Excerpted records:
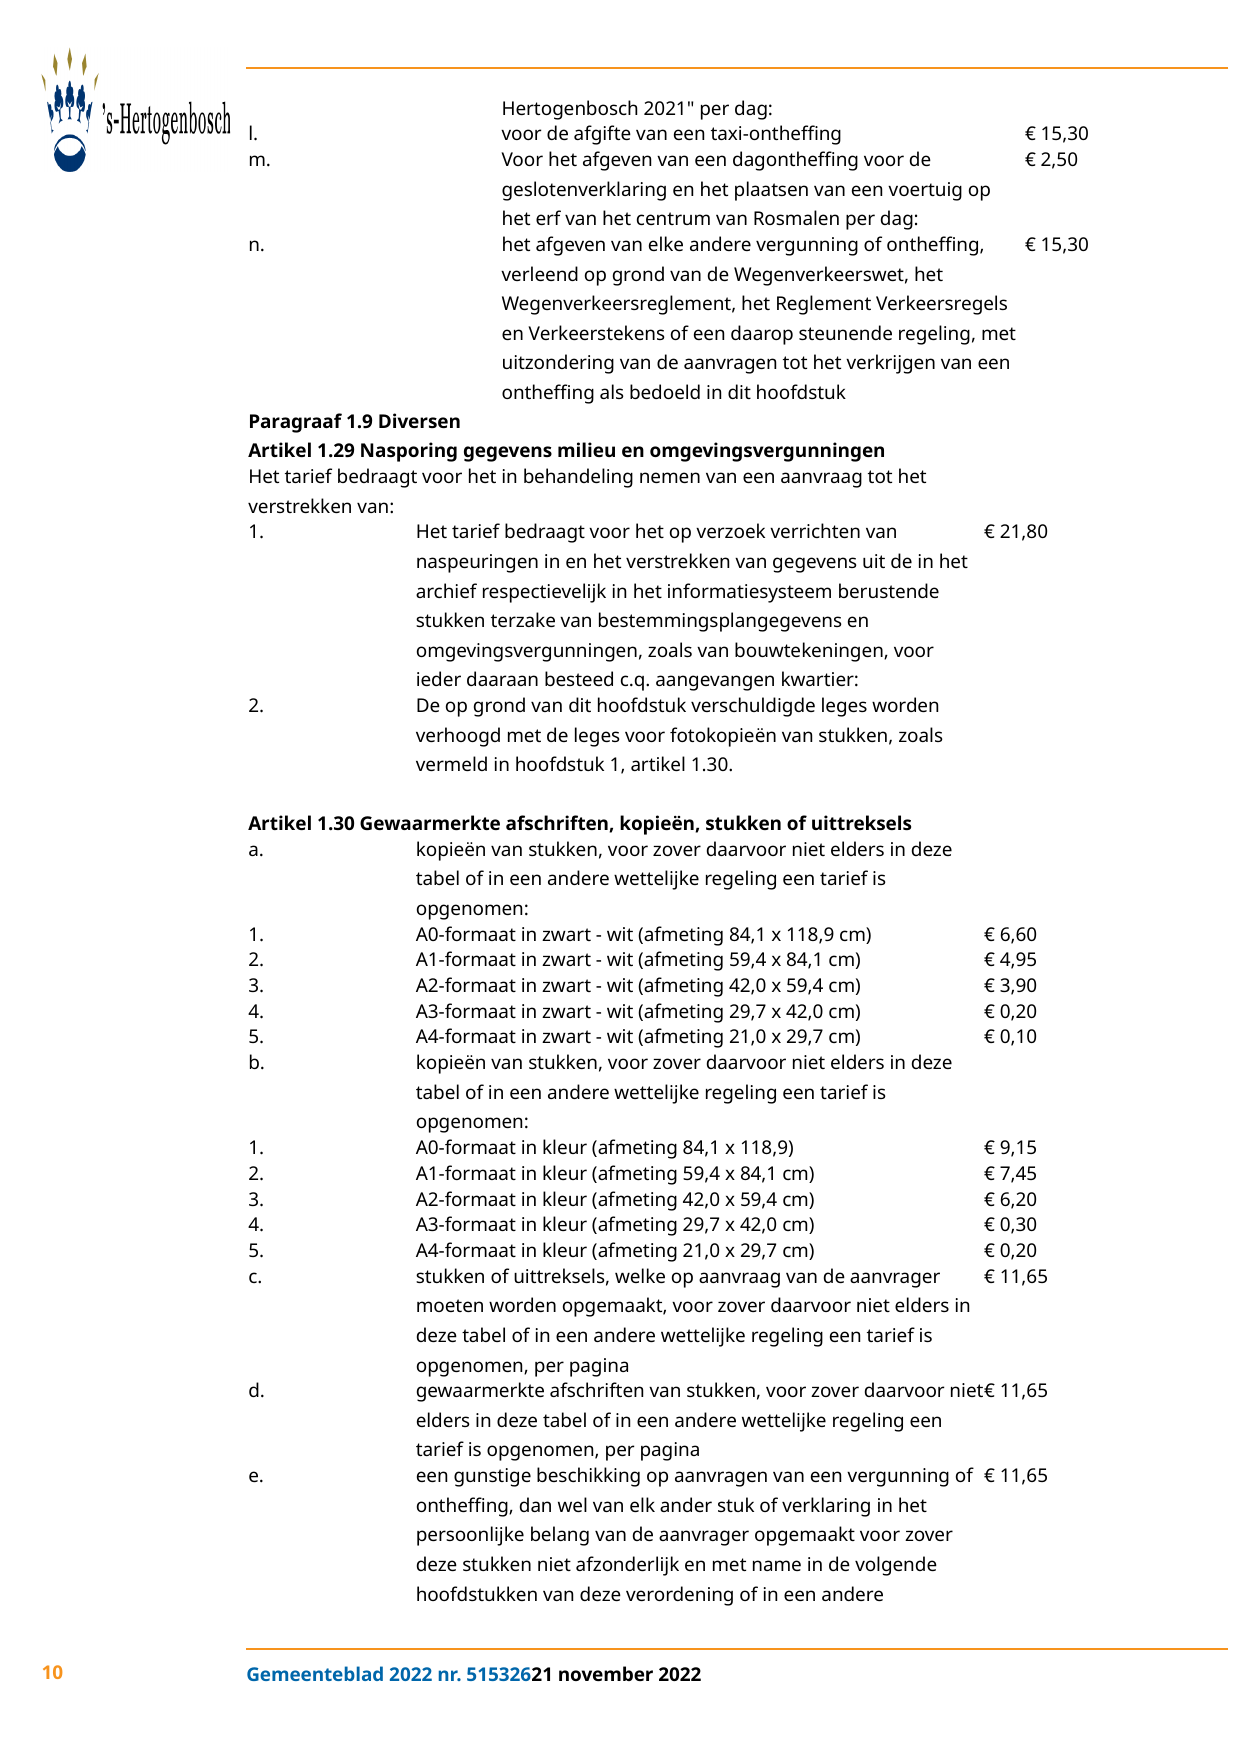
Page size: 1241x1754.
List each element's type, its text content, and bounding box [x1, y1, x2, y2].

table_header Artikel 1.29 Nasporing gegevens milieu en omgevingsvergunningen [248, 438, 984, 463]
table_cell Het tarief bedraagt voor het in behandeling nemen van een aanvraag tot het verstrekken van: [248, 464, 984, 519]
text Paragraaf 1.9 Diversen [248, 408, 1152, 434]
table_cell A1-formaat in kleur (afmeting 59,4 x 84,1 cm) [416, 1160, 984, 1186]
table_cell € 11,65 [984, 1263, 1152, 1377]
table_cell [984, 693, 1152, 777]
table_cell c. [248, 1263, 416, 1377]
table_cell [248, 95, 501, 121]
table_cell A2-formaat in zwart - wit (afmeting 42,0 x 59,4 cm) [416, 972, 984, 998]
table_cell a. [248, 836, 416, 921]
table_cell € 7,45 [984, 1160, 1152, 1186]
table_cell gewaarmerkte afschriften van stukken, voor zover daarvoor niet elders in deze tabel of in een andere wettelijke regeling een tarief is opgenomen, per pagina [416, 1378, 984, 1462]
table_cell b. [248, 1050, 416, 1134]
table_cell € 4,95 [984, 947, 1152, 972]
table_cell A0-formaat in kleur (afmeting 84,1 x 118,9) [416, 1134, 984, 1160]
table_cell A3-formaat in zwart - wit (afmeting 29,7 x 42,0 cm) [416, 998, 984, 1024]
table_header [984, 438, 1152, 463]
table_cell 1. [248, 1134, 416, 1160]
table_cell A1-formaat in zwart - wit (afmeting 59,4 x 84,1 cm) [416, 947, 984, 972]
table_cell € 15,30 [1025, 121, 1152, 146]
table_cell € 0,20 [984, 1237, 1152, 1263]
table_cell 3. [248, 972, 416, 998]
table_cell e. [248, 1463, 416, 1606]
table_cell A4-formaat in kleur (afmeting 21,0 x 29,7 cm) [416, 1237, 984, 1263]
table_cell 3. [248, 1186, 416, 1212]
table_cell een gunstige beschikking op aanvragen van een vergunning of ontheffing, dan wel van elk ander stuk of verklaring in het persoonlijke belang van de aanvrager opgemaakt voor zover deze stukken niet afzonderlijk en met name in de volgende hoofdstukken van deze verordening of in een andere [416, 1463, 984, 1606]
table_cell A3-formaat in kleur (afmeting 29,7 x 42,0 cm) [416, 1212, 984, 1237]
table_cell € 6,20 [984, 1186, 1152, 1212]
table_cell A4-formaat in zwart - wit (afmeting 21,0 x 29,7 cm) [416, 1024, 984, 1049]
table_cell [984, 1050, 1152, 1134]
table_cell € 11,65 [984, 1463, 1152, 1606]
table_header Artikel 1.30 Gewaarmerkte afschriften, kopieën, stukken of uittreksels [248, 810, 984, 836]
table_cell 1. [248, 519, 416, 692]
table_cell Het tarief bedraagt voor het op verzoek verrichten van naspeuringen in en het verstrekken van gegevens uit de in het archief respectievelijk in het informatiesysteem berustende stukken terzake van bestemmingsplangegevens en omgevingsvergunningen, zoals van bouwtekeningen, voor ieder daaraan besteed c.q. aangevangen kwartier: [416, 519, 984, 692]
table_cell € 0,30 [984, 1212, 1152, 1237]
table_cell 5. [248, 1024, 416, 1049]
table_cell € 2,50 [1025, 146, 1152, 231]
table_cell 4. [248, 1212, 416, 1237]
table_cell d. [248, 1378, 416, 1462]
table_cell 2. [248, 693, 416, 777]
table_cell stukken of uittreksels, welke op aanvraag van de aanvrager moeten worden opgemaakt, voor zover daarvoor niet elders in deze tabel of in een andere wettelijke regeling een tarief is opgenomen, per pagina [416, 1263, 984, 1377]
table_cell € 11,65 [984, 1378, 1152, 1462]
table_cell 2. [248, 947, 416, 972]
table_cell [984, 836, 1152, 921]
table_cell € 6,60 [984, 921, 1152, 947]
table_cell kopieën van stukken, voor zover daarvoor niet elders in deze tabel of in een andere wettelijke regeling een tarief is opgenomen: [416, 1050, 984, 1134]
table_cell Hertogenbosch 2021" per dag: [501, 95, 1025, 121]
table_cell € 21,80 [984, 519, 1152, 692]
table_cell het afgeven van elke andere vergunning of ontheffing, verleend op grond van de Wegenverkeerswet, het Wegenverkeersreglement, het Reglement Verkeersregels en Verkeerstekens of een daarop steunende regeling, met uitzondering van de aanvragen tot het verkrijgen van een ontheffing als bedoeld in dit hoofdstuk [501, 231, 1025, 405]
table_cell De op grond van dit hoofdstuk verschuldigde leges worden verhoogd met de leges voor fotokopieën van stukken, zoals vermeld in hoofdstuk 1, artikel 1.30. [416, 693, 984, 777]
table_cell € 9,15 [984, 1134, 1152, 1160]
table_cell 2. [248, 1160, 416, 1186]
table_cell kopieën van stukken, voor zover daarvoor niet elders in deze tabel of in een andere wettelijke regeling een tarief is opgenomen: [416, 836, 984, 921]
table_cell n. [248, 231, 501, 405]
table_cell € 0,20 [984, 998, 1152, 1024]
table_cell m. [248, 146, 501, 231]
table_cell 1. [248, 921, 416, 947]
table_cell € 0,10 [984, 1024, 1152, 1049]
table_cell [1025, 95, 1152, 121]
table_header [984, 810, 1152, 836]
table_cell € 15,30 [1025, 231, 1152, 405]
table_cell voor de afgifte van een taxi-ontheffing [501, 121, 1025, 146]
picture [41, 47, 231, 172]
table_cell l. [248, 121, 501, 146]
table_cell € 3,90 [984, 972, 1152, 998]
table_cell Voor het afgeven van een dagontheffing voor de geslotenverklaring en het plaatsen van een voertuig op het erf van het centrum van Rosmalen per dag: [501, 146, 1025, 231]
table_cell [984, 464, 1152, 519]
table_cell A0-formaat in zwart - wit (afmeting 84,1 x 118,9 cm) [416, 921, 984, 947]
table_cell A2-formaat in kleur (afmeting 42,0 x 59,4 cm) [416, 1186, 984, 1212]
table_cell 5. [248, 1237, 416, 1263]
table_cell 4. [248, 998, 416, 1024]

Assignment: Could you write out, exactly, each line of the data above from the one containing "table_cell A2-formaat in kleur" through the last, including both?

Solution for this task:
table_cell A2-formaat in kleur (afmeting 42,0 x 59,4 cm) [416, 1186, 984, 1212]
table_cell 5. [248, 1237, 416, 1263]
table_cell 4. [248, 998, 416, 1024]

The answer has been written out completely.